Thank you for advice. I followed the instructions of this change, and after fixing a few compilation errors (had to replace a few %x with %llu at printf's) - using the same .config - I got a ROM which is unbootable! Maybe because I don't have AMD HDT Debugger, and it should've been connected to some usually-not-soldered header for this ROM to boot?
Perhaps I can manually redirect these IDS prints to a standard coreboot log - if that will give some useful info. Or I could dive into AGESA and replace all DDR1333 stuff with a DDR1866 one, to force it running as 1866MHz CL9 - since that "#define BLDCFG_MEMORY_CLOCK_SELECT" seemingly doesn't work for some reason.

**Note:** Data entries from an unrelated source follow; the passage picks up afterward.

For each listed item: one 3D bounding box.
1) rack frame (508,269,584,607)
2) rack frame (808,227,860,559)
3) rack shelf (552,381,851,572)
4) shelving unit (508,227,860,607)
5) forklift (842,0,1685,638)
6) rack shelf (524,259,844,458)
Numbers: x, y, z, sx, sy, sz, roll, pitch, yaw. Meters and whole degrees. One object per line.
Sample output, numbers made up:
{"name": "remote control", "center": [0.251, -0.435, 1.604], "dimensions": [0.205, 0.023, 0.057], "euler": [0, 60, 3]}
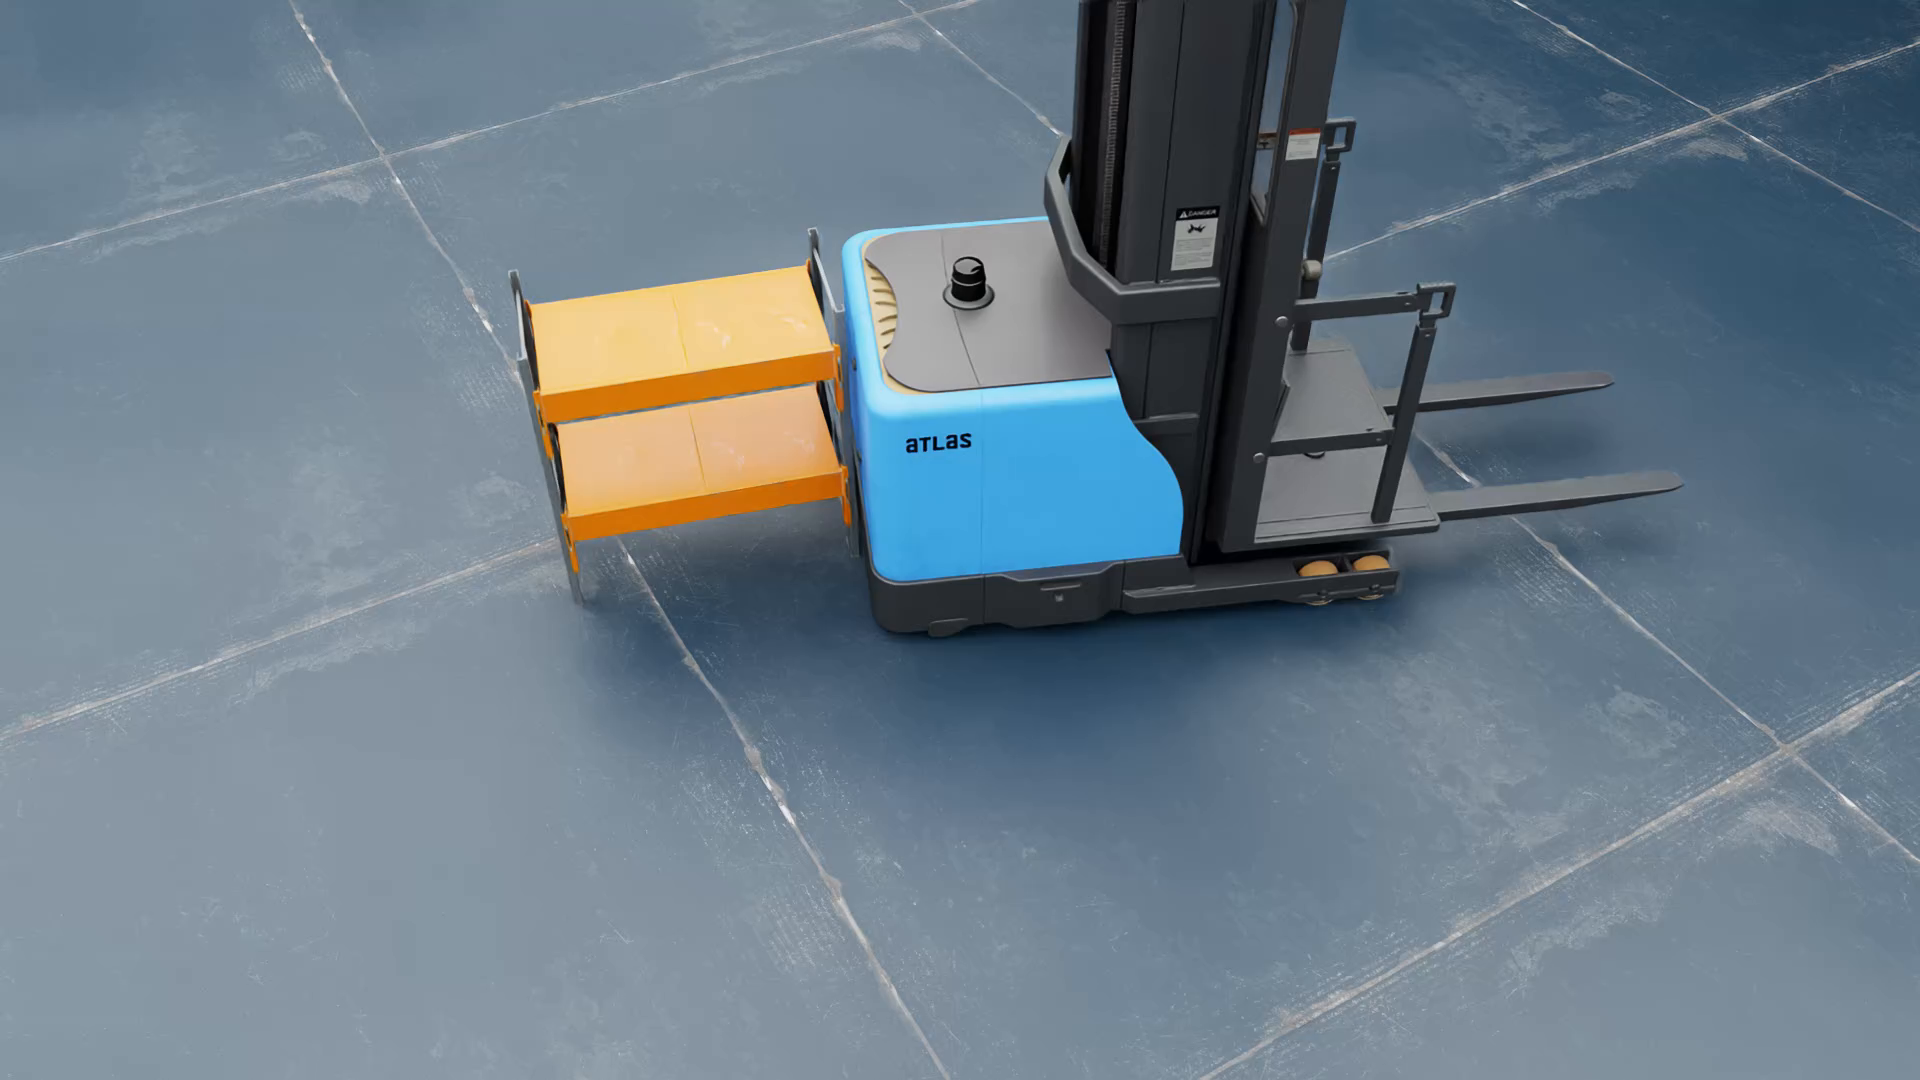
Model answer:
{"name": "rack frame", "center": [-1.435, -0.332, 5.784], "dimensions": [0.032, 1.125, 0.500], "euler": [-10, 45, -10]}
{"name": "rack frame", "center": [-0.450, -0.506, 5.964], "dimensions": [0.032, 1.125, 0.500], "euler": [-10, 45, -10]}
{"name": "rack shelf", "center": [-0.943, -0.243, 6.044], "dimensions": [1.000, 0.278, 0.538], "euler": [-10, 45, -10]}
{"name": "shelving unit", "center": [-0.943, -0.419, 5.874], "dimensions": [1.048, 1.125, 0.538], "euler": [-10, 45, -10]}
{"name": "forklift", "center": [1.133, -1.177, 5.358], "dimensions": [3.031, 2.935, 1.130], "euler": [-6, 44, -6]}
{"name": "rack shelf", "center": [-0.943, -0.629, 5.670], "dimensions": [1.000, 0.278, 0.538], "euler": [-10, 45, -10]}

Do you have any other ideas to fix this "turtle RAM" AMD 16h problem?
Best regards, Mike Banon
On Fri, Jul 5, 2019 at 8:44 AM Kyösti Mälkki kyosti.malkki@gmail.com wrote:
On Wed, Jul 3, 2019 at 8:54 PM Mike Banon mikebdp2@gmail.com wrote:
A pair of 1866MHz CL9 RAM modules* runs only as 1333MHz CL9 on 16h AM1I-A with coreboot is installed, but worked faster when a proprietary UEFI was installed. To fix this "turtle RAM" coreboot problem I tried to play with buildOpts.c - https://review.coreboot.org/c/coreboot/+/33920 , but the things like "#define BLDCFG_MEMORY_CLOCK_SELECT DDR1866_FREQUENCY" sadly did not help.
Any ideas how to improve the RAM speeds? How I can force this RAM to run faster?
Maybe AGESA debugging / IDS tracing is of some assistance? I have not tried it for a while, though.